A tool call returns "forbidden" or "not visible to your account". The user's API key is scoped tighter than the resource. Report which resource was forbidden, name the permission level needed (read on `<resource-type>` in `<env>`), and stop. Don't retry against other resources hoping for a hit.

### Graph is stale

`get_resource_graph` returns a `last_synced_at` older than the user-relevant window (e.g. user is asking about a deploy from 10 minutes ago, graph is 6 hours stale). Surface the staleness, then try `get_recent_changes` for the missing window. If the change isn't there either, the answer is "Annie hasn't seen this yet, check the source of truth directly" (Terraform plan, cloud console).

### Conflicting answers across tools

`get_dependents` says X depends on Y, but `get_blast_radius` doesn't list Y when X is changed. This usually means the dependency is structural (CloudFormation parent / child) but not impact-bearing (no user traffic flows through it). Note both, do not silently pick one.
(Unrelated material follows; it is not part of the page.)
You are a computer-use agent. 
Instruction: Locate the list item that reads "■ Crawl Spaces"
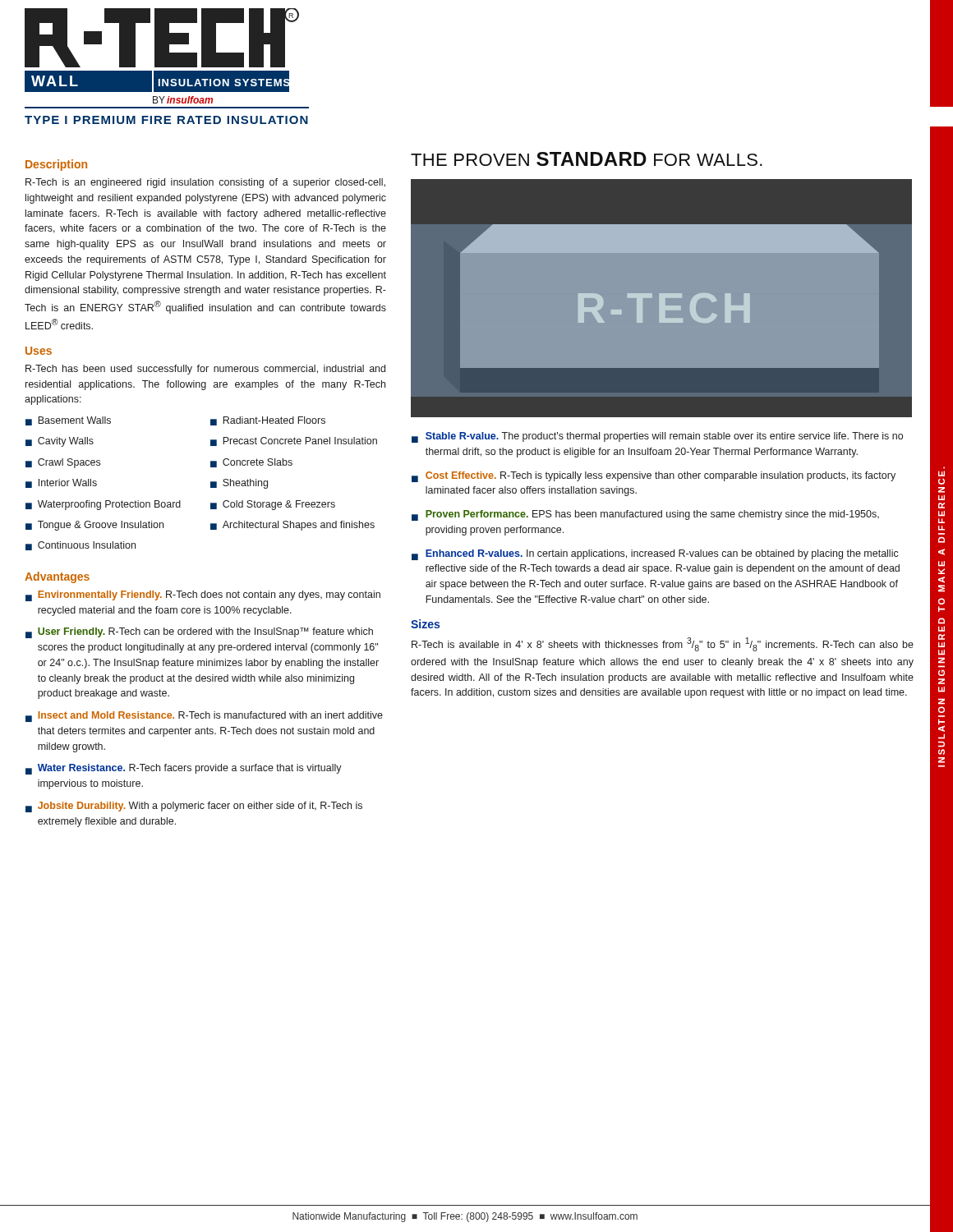pyautogui.click(x=63, y=465)

### Tool the agent expected isn't there

Anthropic / Claude tooling sometimes lists tools the MCP server doesn't expose (e.g. a write-capable tool from an older version). If the listed tool is not in the 5 above, do not call it. Tell the user the surface is limited to read-only and continue.

## Anti-patterns

- **Calling `get_resource_graph` with no filter on a large estate.** Returns thousands of nodes. Always filter by name, type, or env.
- **Using `get_temporal_diff` for "what changed in the last 5 minutes".** Use `get_recent_changes`; it's cheaper and ordered by event time.
- **Treating "no dependents" as "safe to delete".** Annie sees what it sees. A resource might be referenced from outside the graph (e.g. a hand-rolled script, a customer-facing URL). Escalate before deletion.
- **Reciting tool output verbatim.** Synthesize. The user wants the answer, not the JSON.

## Reference

For install, auth, MCP transport configuration, and exact CLI flags, see [`reference.md`](./reference.md).